Então, como é que isto se resolve? “Há várias questões aqui. Há técnicos que dizem que ‘não querem cá dessas coisas’, mas também há utentes que não assumem a sua orientação com receio da reação dos técnicos. É um ciclo. Depois também há outros idosos que reagem negativamente se virem manifestações desses casais”, aponta. Mas o problema principal é que não há por onde começar a atuar: “Há consciência disto tudo, mas não há queixas formais. É uma realidade silenciosa”.

"Todos nós temos uma ideia de família padrão, com um casal de idoso e idosa, neste caso. E os serviços públicos funcionam com base nessa família padrão, que é uma coisa que não existe"
João Afonso, vereador de Direitos Sociais da CML

É para resolver este problema que surgiu uma ideia: a construção de um lar inclusivo. A ideia é de António Serzedelo. Este lar receberia “homens, mulheres, cidadãos com HIV, várias orientações sexuais e todas as pessoas que de alguma forma sejam ostracizadas”, explica.

João Afonso recebeu a proposta e promete analisá-la, mas com cuidado: “Pode ser necessário criar um espaço de proteção, mas o objetivo é que todos os lares sejam inclusivos. A solução está na mudança de mentalidades das organizações e da comunidade em geral. Se há quartos para casais heterossexuais nos lares, então um casal de dois homens também deve ter direito ao seu quarto.

António Serzedelo não se pode queixar. É homossexual, dá a cara, frequenta várias aulas da Universidade Sénior, tem amigos que preenchem uma agenda social e é presença assídua em eventos públicos, inclusive da Câmara de Lisboa. O idoso gay António não tem um companheiro neste momento, mas acredita que ainda há de encontrar. Na verdade, já teve vários, “amores e desgostos, mas enfim, tudo faz parte”.
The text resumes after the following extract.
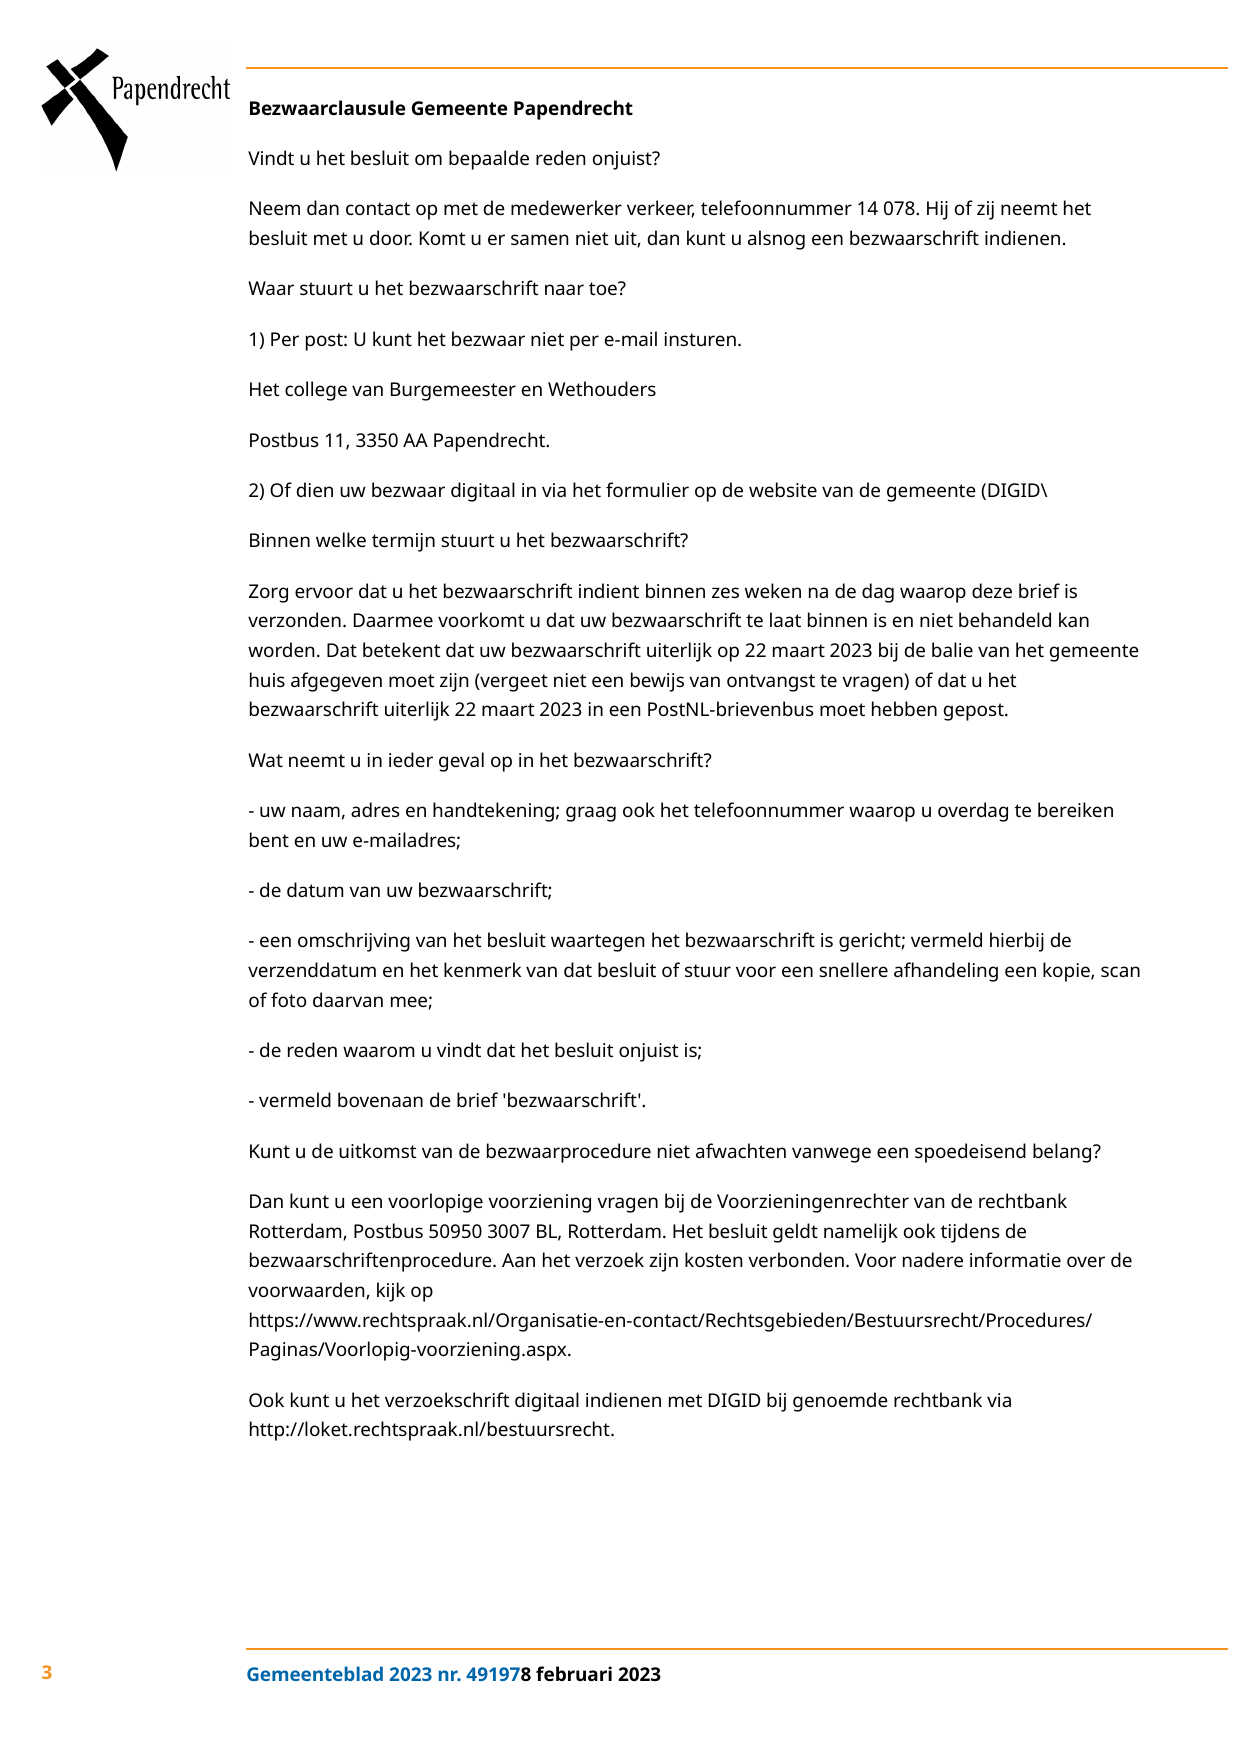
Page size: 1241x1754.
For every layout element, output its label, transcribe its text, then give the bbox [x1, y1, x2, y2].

António pode dar-se ao luxo de se assumir mas, aos 72 anos, garante que faz parte da verdadeira minoria: “Para sair do armário é preciso ter estatuto social e económico, senão é muito complicado. Se um doutor ou um banqueiro se assumir, é homossexual. Mas se for um pedreiro, é paneleiro. Provavelmente vai perder o emprego e vai ser gozado o resto da vida. É preciso muita coragem. E, nós idosos, pensamos muito no fim da vida… As conquistas de direitos já chegaram tarde para nós”.